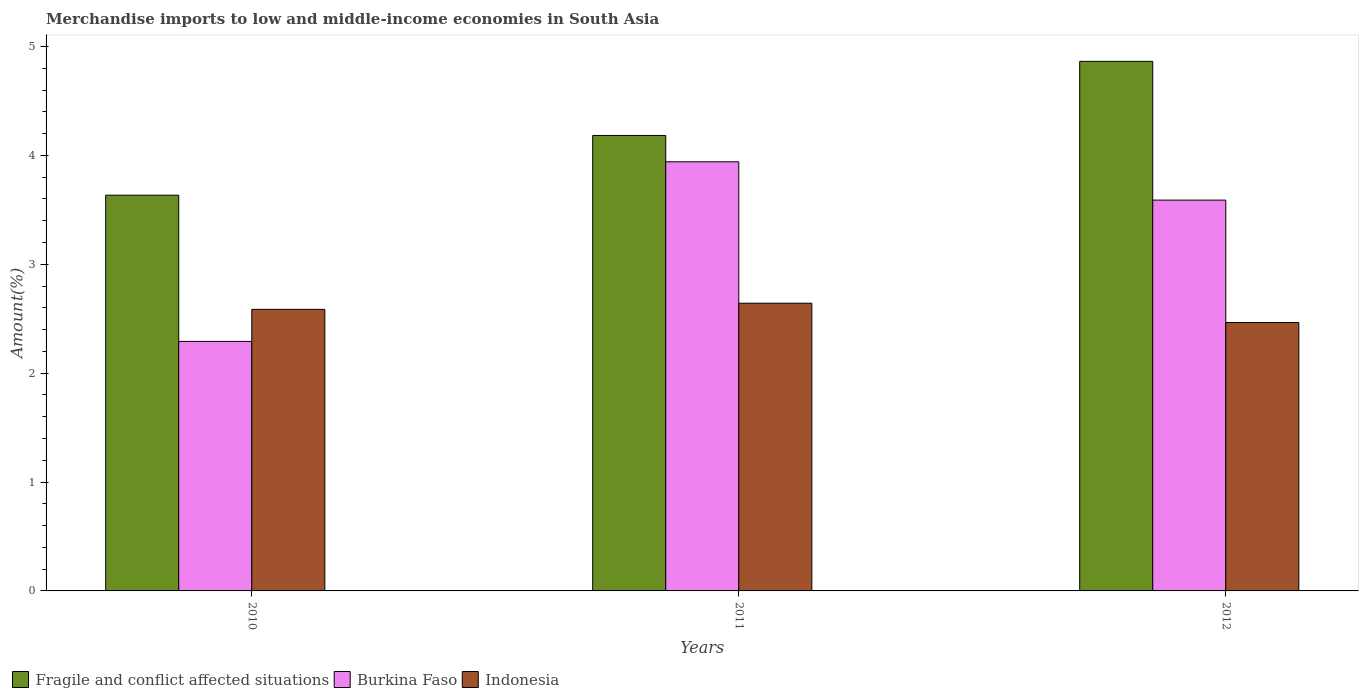How many different coloured bars are there?
Provide a short and direct response. 3. How many groups of bars are there?
Give a very brief answer. 3. Are the number of bars per tick equal to the number of legend labels?
Provide a succinct answer. Yes. Are the number of bars on each tick of the X-axis equal?
Your response must be concise. Yes. How many bars are there on the 3rd tick from the left?
Ensure brevity in your answer.  3. What is the percentage of amount earned from merchandise imports in Fragile and conflict affected situations in 2011?
Provide a short and direct response. 4.18. Across all years, what is the maximum percentage of amount earned from merchandise imports in Indonesia?
Your answer should be very brief. 2.64. Across all years, what is the minimum percentage of amount earned from merchandise imports in Indonesia?
Offer a terse response. 2.47. In which year was the percentage of amount earned from merchandise imports in Indonesia maximum?
Your answer should be compact. 2011. What is the total percentage of amount earned from merchandise imports in Burkina Faso in the graph?
Your answer should be compact. 9.82. What is the difference between the percentage of amount earned from merchandise imports in Indonesia in 2010 and that in 2011?
Your answer should be very brief. -0.06. What is the difference between the percentage of amount earned from merchandise imports in Fragile and conflict affected situations in 2011 and the percentage of amount earned from merchandise imports in Burkina Faso in 2010?
Your answer should be very brief. 1.89. What is the average percentage of amount earned from merchandise imports in Fragile and conflict affected situations per year?
Make the answer very short. 4.23. In the year 2010, what is the difference between the percentage of amount earned from merchandise imports in Indonesia and percentage of amount earned from merchandise imports in Fragile and conflict affected situations?
Make the answer very short. -1.05. In how many years, is the percentage of amount earned from merchandise imports in Fragile and conflict affected situations greater than 2.4 %?
Your response must be concise. 3. What is the ratio of the percentage of amount earned from merchandise imports in Indonesia in 2010 to that in 2011?
Your answer should be compact. 0.98. What is the difference between the highest and the second highest percentage of amount earned from merchandise imports in Burkina Faso?
Provide a succinct answer. 0.35. What is the difference between the highest and the lowest percentage of amount earned from merchandise imports in Indonesia?
Your response must be concise. 0.18. In how many years, is the percentage of amount earned from merchandise imports in Indonesia greater than the average percentage of amount earned from merchandise imports in Indonesia taken over all years?
Your answer should be compact. 2. What does the 2nd bar from the left in 2012 represents?
Ensure brevity in your answer.  Burkina Faso. What does the 2nd bar from the right in 2012 represents?
Keep it short and to the point. Burkina Faso. Is it the case that in every year, the sum of the percentage of amount earned from merchandise imports in Fragile and conflict affected situations and percentage of amount earned from merchandise imports in Burkina Faso is greater than the percentage of amount earned from merchandise imports in Indonesia?
Offer a very short reply. Yes. How many bars are there?
Provide a short and direct response. 9. Are all the bars in the graph horizontal?
Provide a short and direct response. No. How many years are there in the graph?
Your answer should be compact. 3. Are the values on the major ticks of Y-axis written in scientific E-notation?
Ensure brevity in your answer.  No. How many legend labels are there?
Your response must be concise. 3. What is the title of the graph?
Keep it short and to the point. Merchandise imports to low and middle-income economies in South Asia. What is the label or title of the Y-axis?
Offer a very short reply. Amount(%). What is the Amount(%) in Fragile and conflict affected situations in 2010?
Your answer should be compact. 3.63. What is the Amount(%) of Burkina Faso in 2010?
Give a very brief answer. 2.29. What is the Amount(%) in Indonesia in 2010?
Ensure brevity in your answer.  2.59. What is the Amount(%) of Fragile and conflict affected situations in 2011?
Your answer should be very brief. 4.18. What is the Amount(%) of Burkina Faso in 2011?
Ensure brevity in your answer.  3.94. What is the Amount(%) of Indonesia in 2011?
Make the answer very short. 2.64. What is the Amount(%) in Fragile and conflict affected situations in 2012?
Keep it short and to the point. 4.86. What is the Amount(%) of Burkina Faso in 2012?
Provide a short and direct response. 3.59. What is the Amount(%) in Indonesia in 2012?
Your answer should be very brief. 2.47. Across all years, what is the maximum Amount(%) of Fragile and conflict affected situations?
Keep it short and to the point. 4.86. Across all years, what is the maximum Amount(%) of Burkina Faso?
Your answer should be very brief. 3.94. Across all years, what is the maximum Amount(%) of Indonesia?
Your answer should be compact. 2.64. Across all years, what is the minimum Amount(%) in Fragile and conflict affected situations?
Offer a very short reply. 3.63. Across all years, what is the minimum Amount(%) in Burkina Faso?
Your answer should be very brief. 2.29. Across all years, what is the minimum Amount(%) of Indonesia?
Make the answer very short. 2.47. What is the total Amount(%) of Fragile and conflict affected situations in the graph?
Your response must be concise. 12.68. What is the total Amount(%) in Burkina Faso in the graph?
Your answer should be very brief. 9.82. What is the total Amount(%) in Indonesia in the graph?
Keep it short and to the point. 7.69. What is the difference between the Amount(%) in Fragile and conflict affected situations in 2010 and that in 2011?
Your answer should be compact. -0.55. What is the difference between the Amount(%) in Burkina Faso in 2010 and that in 2011?
Make the answer very short. -1.65. What is the difference between the Amount(%) of Indonesia in 2010 and that in 2011?
Offer a terse response. -0.06. What is the difference between the Amount(%) of Fragile and conflict affected situations in 2010 and that in 2012?
Your response must be concise. -1.23. What is the difference between the Amount(%) of Burkina Faso in 2010 and that in 2012?
Your answer should be compact. -1.3. What is the difference between the Amount(%) in Indonesia in 2010 and that in 2012?
Offer a very short reply. 0.12. What is the difference between the Amount(%) in Fragile and conflict affected situations in 2011 and that in 2012?
Ensure brevity in your answer.  -0.68. What is the difference between the Amount(%) of Burkina Faso in 2011 and that in 2012?
Offer a very short reply. 0.35. What is the difference between the Amount(%) of Indonesia in 2011 and that in 2012?
Provide a succinct answer. 0.18. What is the difference between the Amount(%) in Fragile and conflict affected situations in 2010 and the Amount(%) in Burkina Faso in 2011?
Keep it short and to the point. -0.31. What is the difference between the Amount(%) of Burkina Faso in 2010 and the Amount(%) of Indonesia in 2011?
Your answer should be very brief. -0.35. What is the difference between the Amount(%) of Fragile and conflict affected situations in 2010 and the Amount(%) of Burkina Faso in 2012?
Keep it short and to the point. 0.04. What is the difference between the Amount(%) of Fragile and conflict affected situations in 2010 and the Amount(%) of Indonesia in 2012?
Give a very brief answer. 1.17. What is the difference between the Amount(%) of Burkina Faso in 2010 and the Amount(%) of Indonesia in 2012?
Offer a very short reply. -0.17. What is the difference between the Amount(%) in Fragile and conflict affected situations in 2011 and the Amount(%) in Burkina Faso in 2012?
Give a very brief answer. 0.59. What is the difference between the Amount(%) of Fragile and conflict affected situations in 2011 and the Amount(%) of Indonesia in 2012?
Your answer should be compact. 1.72. What is the difference between the Amount(%) of Burkina Faso in 2011 and the Amount(%) of Indonesia in 2012?
Your answer should be compact. 1.48. What is the average Amount(%) in Fragile and conflict affected situations per year?
Make the answer very short. 4.23. What is the average Amount(%) in Burkina Faso per year?
Offer a very short reply. 3.27. What is the average Amount(%) of Indonesia per year?
Your response must be concise. 2.56. In the year 2010, what is the difference between the Amount(%) in Fragile and conflict affected situations and Amount(%) in Burkina Faso?
Your response must be concise. 1.34. In the year 2010, what is the difference between the Amount(%) in Fragile and conflict affected situations and Amount(%) in Indonesia?
Provide a succinct answer. 1.05. In the year 2010, what is the difference between the Amount(%) of Burkina Faso and Amount(%) of Indonesia?
Make the answer very short. -0.29. In the year 2011, what is the difference between the Amount(%) in Fragile and conflict affected situations and Amount(%) in Burkina Faso?
Offer a terse response. 0.24. In the year 2011, what is the difference between the Amount(%) in Fragile and conflict affected situations and Amount(%) in Indonesia?
Keep it short and to the point. 1.54. In the year 2011, what is the difference between the Amount(%) in Burkina Faso and Amount(%) in Indonesia?
Ensure brevity in your answer.  1.3. In the year 2012, what is the difference between the Amount(%) of Fragile and conflict affected situations and Amount(%) of Burkina Faso?
Make the answer very short. 1.27. In the year 2012, what is the difference between the Amount(%) of Fragile and conflict affected situations and Amount(%) of Indonesia?
Offer a very short reply. 2.4. In the year 2012, what is the difference between the Amount(%) of Burkina Faso and Amount(%) of Indonesia?
Ensure brevity in your answer.  1.12. What is the ratio of the Amount(%) in Fragile and conflict affected situations in 2010 to that in 2011?
Offer a very short reply. 0.87. What is the ratio of the Amount(%) of Burkina Faso in 2010 to that in 2011?
Keep it short and to the point. 0.58. What is the ratio of the Amount(%) of Indonesia in 2010 to that in 2011?
Make the answer very short. 0.98. What is the ratio of the Amount(%) of Fragile and conflict affected situations in 2010 to that in 2012?
Your response must be concise. 0.75. What is the ratio of the Amount(%) in Burkina Faso in 2010 to that in 2012?
Give a very brief answer. 0.64. What is the ratio of the Amount(%) of Indonesia in 2010 to that in 2012?
Offer a very short reply. 1.05. What is the ratio of the Amount(%) of Fragile and conflict affected situations in 2011 to that in 2012?
Make the answer very short. 0.86. What is the ratio of the Amount(%) of Burkina Faso in 2011 to that in 2012?
Offer a very short reply. 1.1. What is the ratio of the Amount(%) in Indonesia in 2011 to that in 2012?
Keep it short and to the point. 1.07. What is the difference between the highest and the second highest Amount(%) in Fragile and conflict affected situations?
Your answer should be compact. 0.68. What is the difference between the highest and the second highest Amount(%) of Burkina Faso?
Ensure brevity in your answer.  0.35. What is the difference between the highest and the second highest Amount(%) in Indonesia?
Keep it short and to the point. 0.06. What is the difference between the highest and the lowest Amount(%) in Fragile and conflict affected situations?
Ensure brevity in your answer.  1.23. What is the difference between the highest and the lowest Amount(%) in Burkina Faso?
Your answer should be compact. 1.65. What is the difference between the highest and the lowest Amount(%) of Indonesia?
Offer a terse response. 0.18.

--

> **Task prompt**
Write out the lines above from the one containing "Your answer should be compact. 1.65." through the last, exactly as they are.

> **Response area**
Your answer should be compact. 1.65. What is the difference between the highest and the lowest Amount(%) of Indonesia?
Offer a terse response. 0.18.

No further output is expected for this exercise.